_ASSIGNMENT_
The records are to be repeated in full, with the images removed.

[Records from a data source]
== == ==
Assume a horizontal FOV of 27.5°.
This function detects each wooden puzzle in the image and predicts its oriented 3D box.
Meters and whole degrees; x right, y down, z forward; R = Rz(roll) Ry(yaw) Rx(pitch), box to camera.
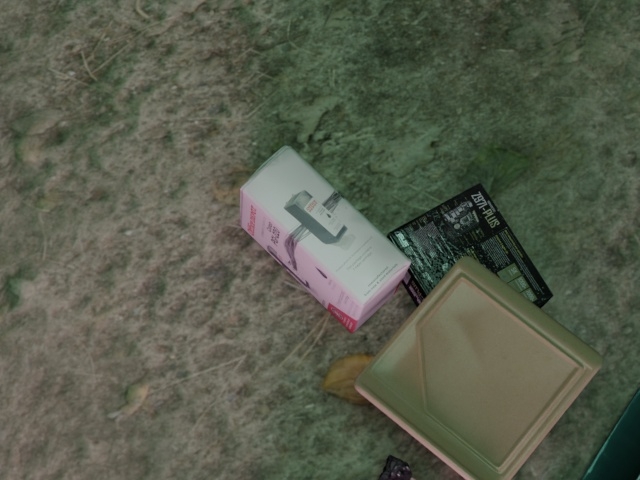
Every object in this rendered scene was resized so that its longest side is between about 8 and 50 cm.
[{"bbox_3d":[0.194,0.164,1.609,0.221,0.044,0.239,38,69,15],"label":"wooden puzzle"}]

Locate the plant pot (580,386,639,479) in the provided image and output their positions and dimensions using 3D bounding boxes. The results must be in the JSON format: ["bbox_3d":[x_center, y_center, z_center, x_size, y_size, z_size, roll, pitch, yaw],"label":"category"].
[{"bbox_3d":[0.483,0.305,1.622,0.234,0.166,0.165,38,74,-4],"label":"plant pot"}]

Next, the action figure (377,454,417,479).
[{"bbox_3d":[0.187,0.362,1.590,0.275,0.141,0.164,21,70,18],"label":"action figure"}]

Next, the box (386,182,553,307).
[{"bbox_3d":[0.190,0.040,1.716,0.147,0.077,0.180,-29,78,-12],"label":"box"}]

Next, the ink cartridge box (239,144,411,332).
[{"bbox_3d":[0.000,0.000,1.671,0.092,0.158,0.218,-42,80,-14],"label":"ink cartridge box"}]
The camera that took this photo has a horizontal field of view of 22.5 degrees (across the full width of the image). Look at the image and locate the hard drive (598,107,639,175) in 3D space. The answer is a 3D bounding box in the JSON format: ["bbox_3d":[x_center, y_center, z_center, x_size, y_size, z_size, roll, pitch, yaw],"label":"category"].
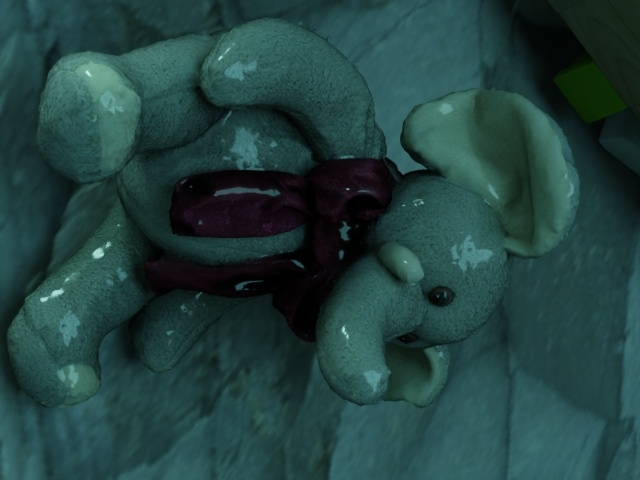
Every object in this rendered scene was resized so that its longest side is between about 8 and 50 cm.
== == ==
_OUTPUT FOR THIS EXERCISE_
Assume a horizontal FOV of 27.5°.
This function detects each wooden puzzle in the image and predicts its oriented 3D box.
Meters and whole degrees; x right, y down, z forward; R = Rz(roll) Ry(yaw) Rx(pitch), box to camera.
Every object in this rendered scene was resized so that its longest side is between about 8 and 50 cm.
[{"bbox_3d":[0.194,0.164,1.609,0.221,0.044,0.239,38,69,15],"label":"wooden puzzle"}]

Locate the plant pot (580,386,639,479) in the provided image and output their positions and dimensions using 3D bounding boxes. The results must be in the JSON format: ["bbox_3d":[x_center, y_center, z_center, x_size, y_size, z_size, roll, pitch, yaw],"label":"category"].
[{"bbox_3d":[0.483,0.305,1.622,0.234,0.166,0.165,38,74,-4],"label":"plant pot"}]

Next, the action figure (377,454,417,479).
[{"bbox_3d":[0.187,0.362,1.590,0.275,0.141,0.164,21,70,18],"label":"action figure"}]

Next, the box (386,182,553,307).
[{"bbox_3d":[0.190,0.040,1.716,0.147,0.077,0.180,-29,78,-12],"label":"box"}]

Next, the ink cartridge box (239,144,411,332).
[{"bbox_3d":[0.000,0.000,1.671,0.092,0.158,0.218,-42,80,-14],"label":"ink cartridge box"}]
The camera that took this photo has a horizontal field of view of 22.5 degrees (across the full width of the image). Look at the image and locate the hard drive (598,107,639,175) in 3D space. The answer is a 3D bounding box in the JSON format: ["bbox_3d":[x_center, y_center, z_center, x_size, y_size, z_size, roll, pitch, yaw],"label":"category"].
Every object in this rendered scene was resized so that its longest side is between about 8 and 50 cm.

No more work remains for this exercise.